Temperature dependent susceptibility data (Fig. 6.6) can be fitted to a Curie-Weiss relationship

$$\chi ={\chi }_0+\frac{C}{T+{\theta }_{\text{CW}}}$$

(6.17)

over the temperature range $50\mathrm{K}$-$200\mathrm{K}$.

The fitted parameters can be seen in Table 6.4. These data in some areas agree well with previously published data [38, 94, 103]: the low-temperature shapes of the curves and absolute scale of the susceptibilities, and the strong anisotropy of susceptibilities that is seen at all temperatures. The high-temperature data does not agree well with the previously published results, here a larger value of ${\chi }_{⟂}$ is observed than previously reported. This discrepancy is likely caused by a magnetic background from the brass sample holder, which has not been subtracted. Where susceptibility data is used for calibration in later sections, the reference data [38] is used. While this high temperature discrepancy may also account for disagreement between the fitted and published Curie-Weiss parameters [103], if the fitting process is repeated on more recently published data in [38], the fitted moment ${\mu }_{\text{eff}}$ agrees relatively well. This data gives ${\mu }_{\text{eff}}=$ $2.5{\mu }_B$, $7.3{\mu }_B$ along the $𝒄$ and $𝒂$ directions respectively. This is because a background term ${\chi }_0$ is captured in the fit.
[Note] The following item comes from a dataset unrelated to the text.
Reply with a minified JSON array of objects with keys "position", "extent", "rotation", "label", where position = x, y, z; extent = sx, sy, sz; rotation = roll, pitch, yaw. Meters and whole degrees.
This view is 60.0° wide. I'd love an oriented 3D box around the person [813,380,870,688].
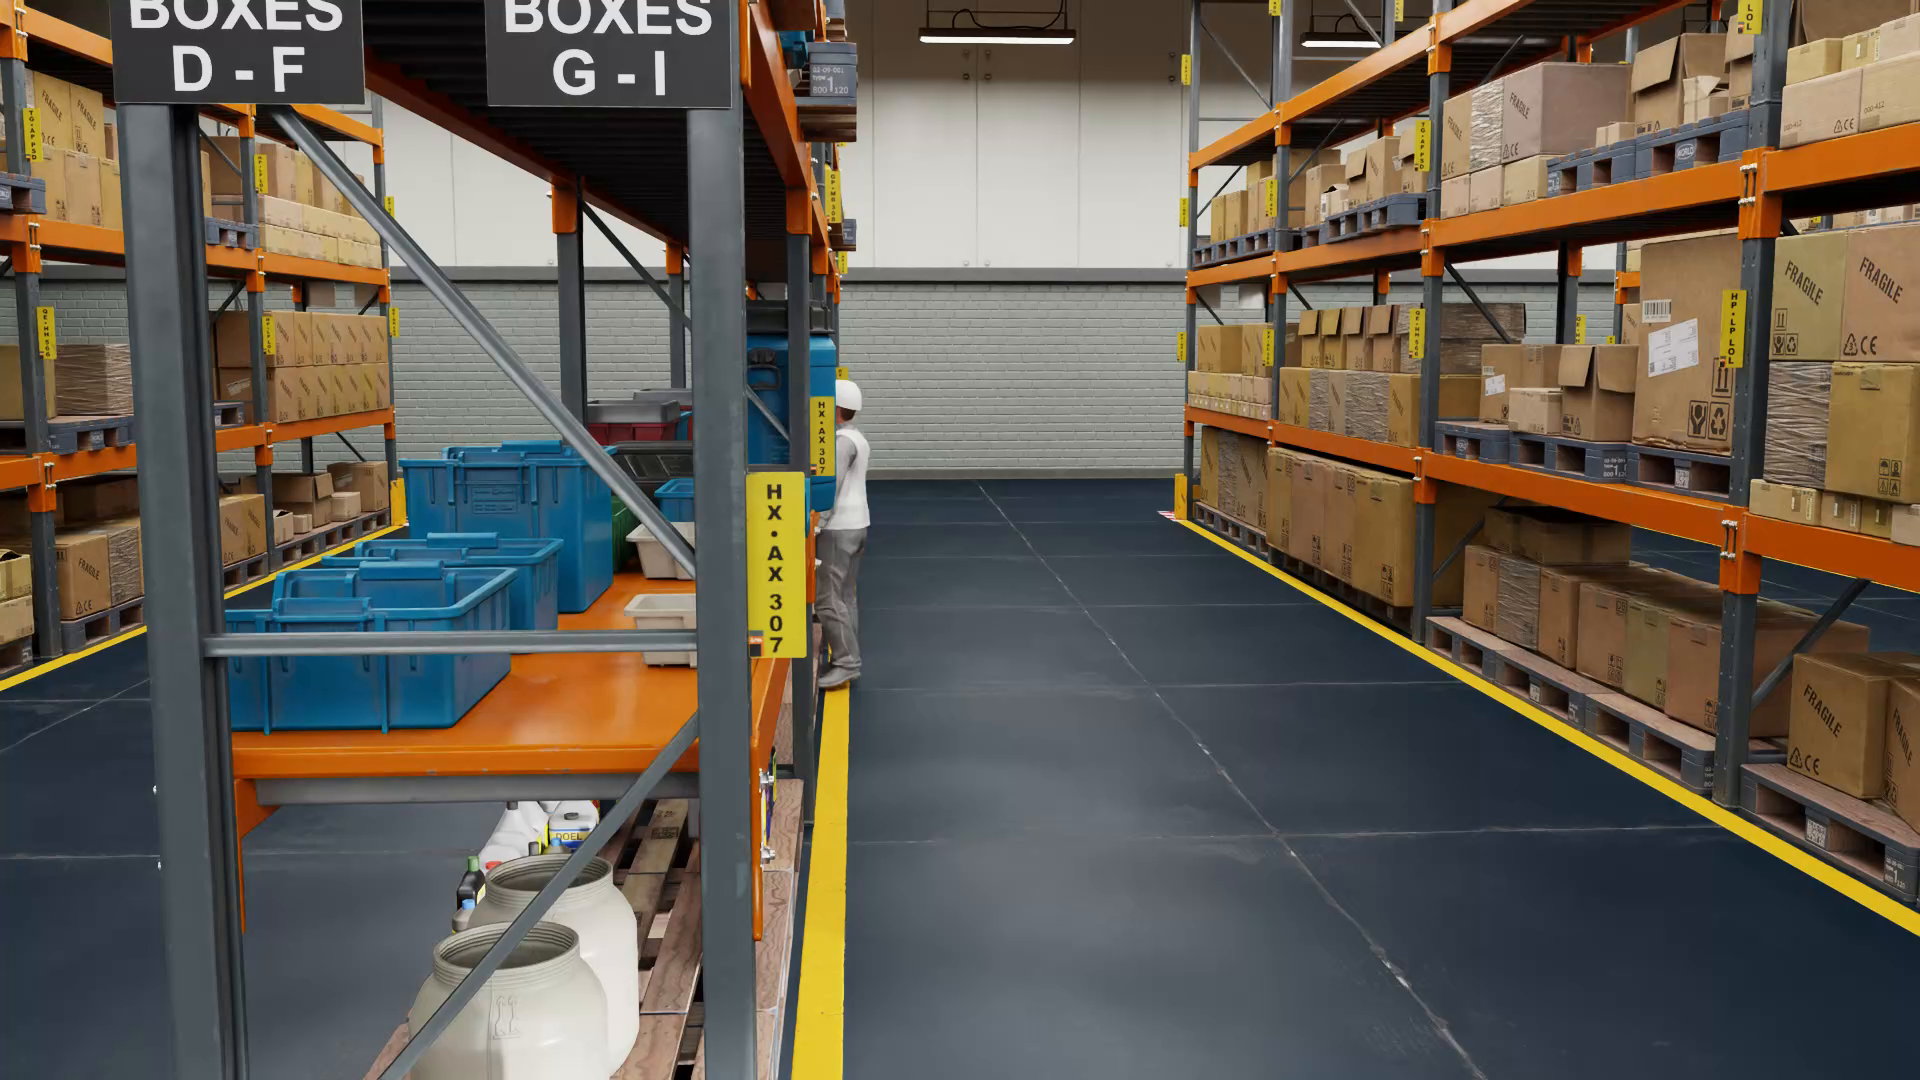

The poor fit of Curie-Weiss behaviour at high temperature is expected from the relatively small energy gap of $\approx 15\mathrm{meV}\approx 175\mathrm{K}$ to the next excited doublet. For temperatures greater than this value, the excited doublet states are populated and the CW treatment fails. A more thorough treatment including all of the energy levels predicted from the level splitting would capture this effect, but as the crystal field parameters and $\lambda$ have already been established, this is not necessary.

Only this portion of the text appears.